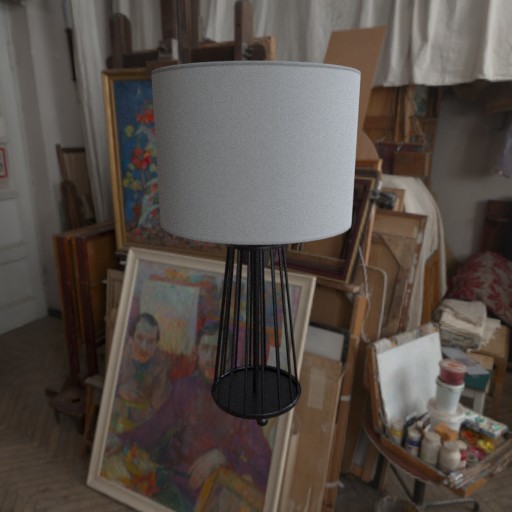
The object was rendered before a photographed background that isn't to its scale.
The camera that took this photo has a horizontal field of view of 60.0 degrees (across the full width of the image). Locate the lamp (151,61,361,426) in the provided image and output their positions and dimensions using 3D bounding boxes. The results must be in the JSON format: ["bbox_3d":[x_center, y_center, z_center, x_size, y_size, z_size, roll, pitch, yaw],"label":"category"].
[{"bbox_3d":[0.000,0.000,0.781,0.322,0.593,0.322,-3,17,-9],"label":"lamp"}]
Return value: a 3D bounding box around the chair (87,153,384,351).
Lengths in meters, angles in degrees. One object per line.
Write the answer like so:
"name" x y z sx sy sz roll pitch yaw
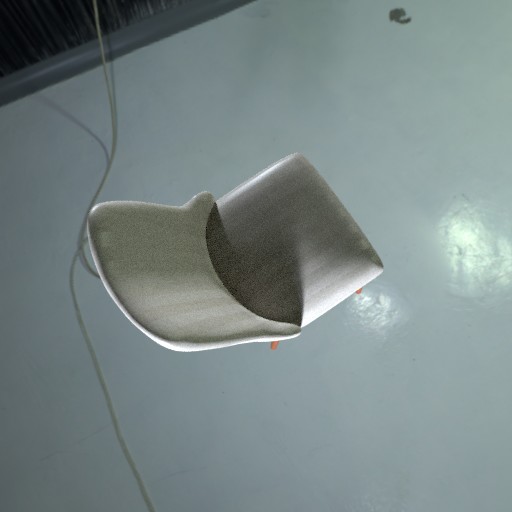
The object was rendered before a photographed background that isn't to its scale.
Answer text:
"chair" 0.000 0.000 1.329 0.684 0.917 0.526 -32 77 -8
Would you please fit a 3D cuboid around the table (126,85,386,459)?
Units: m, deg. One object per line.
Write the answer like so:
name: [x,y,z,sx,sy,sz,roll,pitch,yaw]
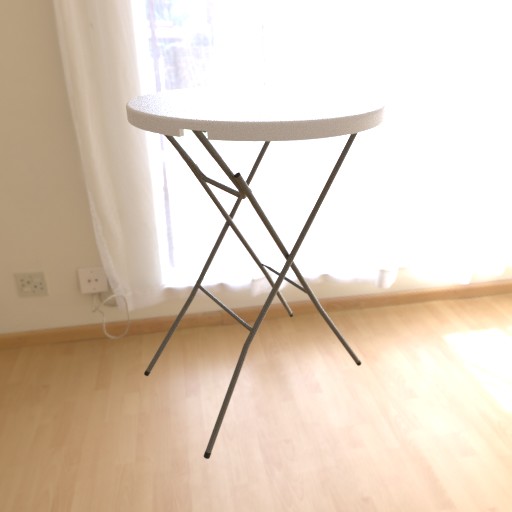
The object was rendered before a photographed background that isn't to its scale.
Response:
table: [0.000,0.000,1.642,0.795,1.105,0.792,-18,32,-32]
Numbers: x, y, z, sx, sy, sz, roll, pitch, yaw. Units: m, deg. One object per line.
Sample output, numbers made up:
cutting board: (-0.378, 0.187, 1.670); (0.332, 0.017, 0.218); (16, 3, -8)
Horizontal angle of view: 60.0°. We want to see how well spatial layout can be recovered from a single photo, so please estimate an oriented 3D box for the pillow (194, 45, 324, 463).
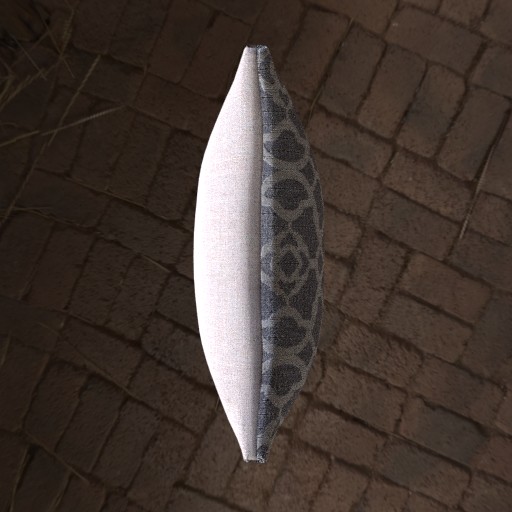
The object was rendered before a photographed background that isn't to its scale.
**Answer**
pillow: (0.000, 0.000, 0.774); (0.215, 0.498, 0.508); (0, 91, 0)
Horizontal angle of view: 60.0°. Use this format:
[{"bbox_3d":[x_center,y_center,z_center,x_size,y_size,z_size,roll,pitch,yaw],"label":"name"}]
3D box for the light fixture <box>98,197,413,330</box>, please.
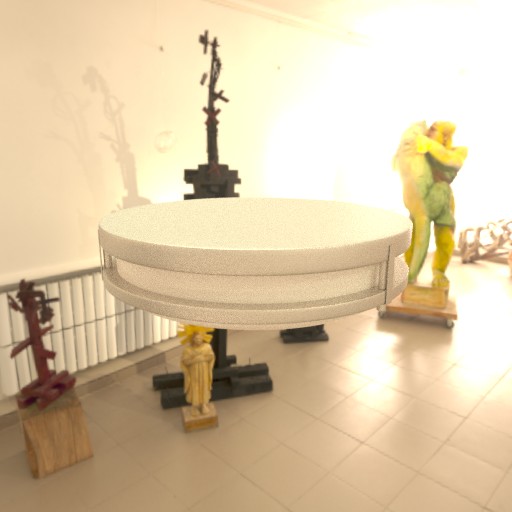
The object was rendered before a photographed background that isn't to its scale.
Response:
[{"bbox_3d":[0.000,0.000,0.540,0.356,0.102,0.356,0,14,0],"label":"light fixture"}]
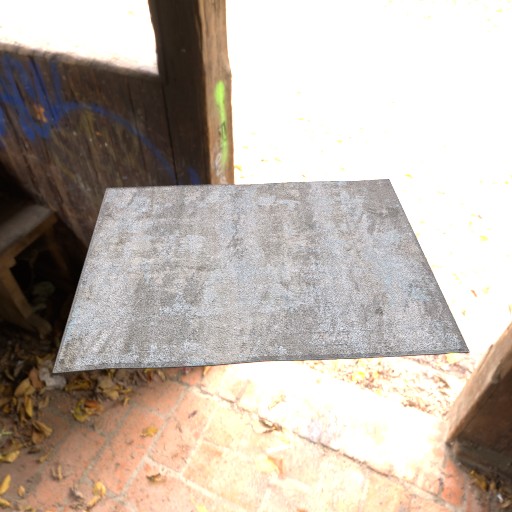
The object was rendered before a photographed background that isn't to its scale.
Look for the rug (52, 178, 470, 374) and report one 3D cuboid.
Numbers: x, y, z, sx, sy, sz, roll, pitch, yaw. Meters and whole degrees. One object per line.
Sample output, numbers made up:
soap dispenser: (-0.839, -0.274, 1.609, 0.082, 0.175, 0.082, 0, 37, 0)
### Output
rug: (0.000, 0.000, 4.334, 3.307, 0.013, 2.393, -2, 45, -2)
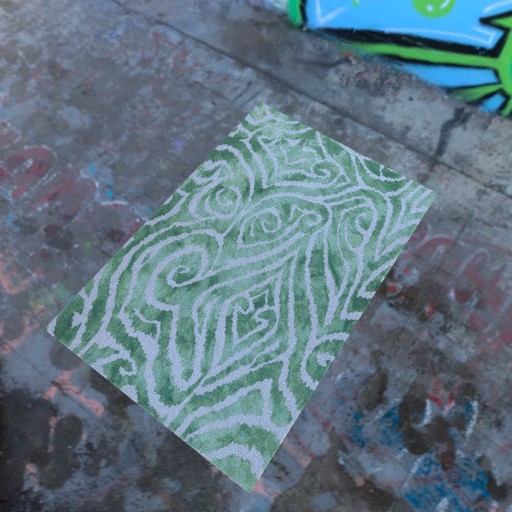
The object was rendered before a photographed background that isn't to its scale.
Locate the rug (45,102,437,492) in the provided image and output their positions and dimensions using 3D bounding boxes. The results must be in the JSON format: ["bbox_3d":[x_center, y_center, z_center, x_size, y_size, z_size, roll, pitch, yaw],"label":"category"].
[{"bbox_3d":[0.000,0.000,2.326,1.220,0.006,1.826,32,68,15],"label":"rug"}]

_TASK GOAL_
Your job is to repeat every entry exactly, keeping all pictures out of the copy.

_FINISHED EXERCISE_
The object was rendered before a photographed background that isn't to its scale.
The camera that took this photo has a horizontal field of view of 60.0 degrees (across the full width of the image). Locate the lamp (151,61,361,426) in the provided image and output their positions and dimensions using 3D bounding boxes. The results must be in the JSON format: ["bbox_3d":[x_center, y_center, z_center, x_size, y_size, z_size, roll, pitch, yaw],"label":"category"].
[{"bbox_3d":[0.000,0.000,0.781,0.322,0.593,0.322,-3,17,-9],"label":"lamp"}]
Return value: a 3D bounding box around the chair (87,153,384,351).
Lengths in meters, angles in degrees. One object per line.
Write the answer like so:
"name" x y z sx sy sz roll pitch yaw
The object was rendered before a photographed background that isn't to its scale.
Answer text:
"chair" 0.000 0.000 1.329 0.684 0.917 0.526 -32 77 -8
Would you please fit a 3D cuboid around the table (126,85,386,459)?
Units: m, deg. One object per line.
Write the answer like so:
name: [x,y,z,sx,sy,sz,roll,pitch,yaw]
The object was rendered before a photographed background that isn't to its scale.
Response:
table: [0.000,0.000,1.642,0.795,1.105,0.792,-18,32,-32]
Numbers: x, y, z, sx, sy, sz, roll, pitch, yaw. Units: m, deg. One object per line.
Sample output, numbers made up:
cutting board: (-0.378, 0.187, 1.670); (0.332, 0.017, 0.218); (16, 3, -8)
Horizontal angle of view: 60.0°. We want to see how well spatial layout can be recovered from a single photo, so please estimate an oriented 3D box for the pillow (194, 45, 324, 463).
The object was rendered before a photographed background that isn't to its scale.
**Answer**
pillow: (0.000, 0.000, 0.774); (0.215, 0.498, 0.508); (0, 91, 0)
Horizontal angle of view: 60.0°. Use this format:
[{"bbox_3d":[x_center,y_center,z_center,x_size,y_size,z_size,roll,pitch,yaw],"label":"name"}]
3D box for the light fixture <box>98,197,413,330</box>, please.
The object was rendered before a photographed background that isn't to its scale.
Response:
[{"bbox_3d":[0.000,0.000,0.540,0.356,0.102,0.356,0,14,0],"label":"light fixture"}]
The object was rendered before a photographed background that isn't to its scale.
Look for the rug (52, 178, 470, 374) and report one 3D cuboid.
Numbers: x, y, z, sx, sy, sz, roll, pitch, yaw. Meters and whole degrees. One object per line.
Sample output, numbers made up:
soap dispenser: (-0.839, -0.274, 1.609, 0.082, 0.175, 0.082, 0, 37, 0)
### Output
rug: (0.000, 0.000, 4.334, 3.307, 0.013, 2.393, -2, 45, -2)
The object was rendered before a photographed background that isn't to its scale.
Locate the rug (45,102,437,492) in the provided image and output their positions and dimensions using 3D bounding boxes. The results must be in the JSON format: ["bbox_3d":[x_center, y_center, z_center, x_size, y_size, z_size, roll, pitch, yaw],"label":"category"].
[{"bbox_3d":[0.000,0.000,2.326,1.220,0.006,1.826,32,68,15],"label":"rug"}]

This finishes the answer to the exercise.